En nuestros países del tercer mundo, donde no existe
la abundancia de bienes al alcance de la mayoría, el hablar de crisis
financiera no es un engaño. Después de todo, en nuestros países vivimos de
crisis en crisis y ya nos hemos hecho inmunes a las privaciones.
Apretarnos el cinturón no es drama para nosotros,
porque la gran mayoría ya aprendimos a vivir con algo menos, a conducir un
carro viejo o a tener que trabajar más para ganar menos. Y digo esto pensando
en quienes aún tenemos la suerte o la habilidad o la ayuda oportuna de poseer
algo que nos ayude a ser más felices: un apartamento decente en una buena
urbanización, lo necesario para nuestros hijos y no sufrir la zozobra de tener
que pensar cómo conseguir llegar a fin de mes.
Por supuesto que para los pobres, la crisis financiera
no les hace la más mínima mella, ya que sus problemas son otros y se han acostumbrado a saber vivir y disfrutar
lo poco que tienen, siendo, probablemente, más felices que muchos ricos, que piensan que ya no podrán cambiar de carro nuevo
todos los años, salir a comer al restaurantes todos los fines de semana o tener
o alquilar un hospedaje en un hotel de lujo durante un mes todos las vacaciones
de agosto.
En realidad, lo que debe preocuparnos antes que la
crisis financiera, es la crisis de valores en la cual se está sumergiendo
precipitadamente nuestra sociedad venezolana. Y esa crisis ya no afecta
solamente a las poblaciones de países desarrollados, sino que está
progresivamente apoderándose de toda la sociedad occidental.
¿Es que ya está llegando el fin de nuestra
civilización, como ha llegado el fin de otras, como la griega, la romana, la
feudal? ¿Será que ya dejarán de funcionar nuestros sistemas de gobierno? Si
así es, será debido a la crisis de valores, que es mucho más grave que la
financiera o económica, aún en un mundo donde todo o casi todo se mide con el
dinero. Y es en este punto donde comienzan todos los problemas. “Empezamos por apreciar y desear al becerro
de oro, seguidamente comenzamos a adorarlo y finalmente terminamos por adorar
al oro del becerro”. Todo lo que comienza siendo bueno con
prudencia, termina siendo malo en los excesos, porque “el dinero no es un fin, sino sólo un medio
para alcanzar cosas más importantes en la vida”, como decía
Aristóteles.
La economía y el capitalismo son instrumentos que
generan riqueza y bienestar para muchos, pero no deben confundirse con valores.
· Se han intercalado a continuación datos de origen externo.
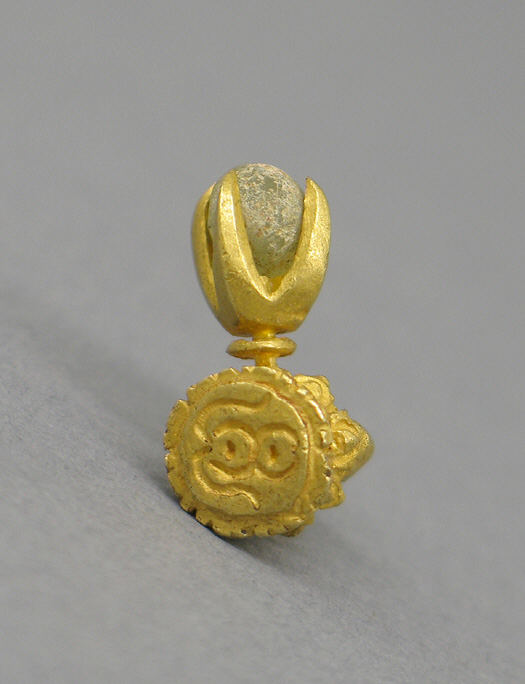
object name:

Los valores y las leyes de una sociedad democrática deben ser quienes gobiernan
a estos instrumentos, de lo contrario son ellos quienes gobernarán a la
sociedad.
Así es que hoy los europeos y norteamericanos, luego
de una era de riqueza, de consumismo y de opulencia, se encuentran
desconcertados ante una crisis financiera y se tornan violentos, agitadores y
insensatos, porque no saben qué hacer. Ni sus gobernantes tampoco.
Ellos no saben, ni nosotros tampoco aunque lo
intuimos, que la solución está en fomentar la honradez, la educación y el
orgullo por el trabajo bien hecho, la sobriedad y saber disfrutar de lo bueno
que nos da la vida, aunque sea menos, aunque sea poco. Y todo esto sin excesos
para que lo bueno no se convierta en malo.
Nada en exceso, todo con mesura. Las virtudes que
honran al hombre se convierten en vicios si no tienen medida. Mucho más de lo
bueno no siempre es mejor y puede llegar a ser malo. Como ejemplo podemos tomar
la ambición, que puede ser una virtud para hacernos más trabajadores, más
exigentes con nosotros mismos, más prósperos, pero puede convertirse en codicia
al exagerarla. Y así un sentimiento religioso puede pasar al fanatismo, el
poder de mando o liderazgo convertirse en soberbia o autoritarismo, el sano
deporte competitivo en violencia, muerte y destrucción.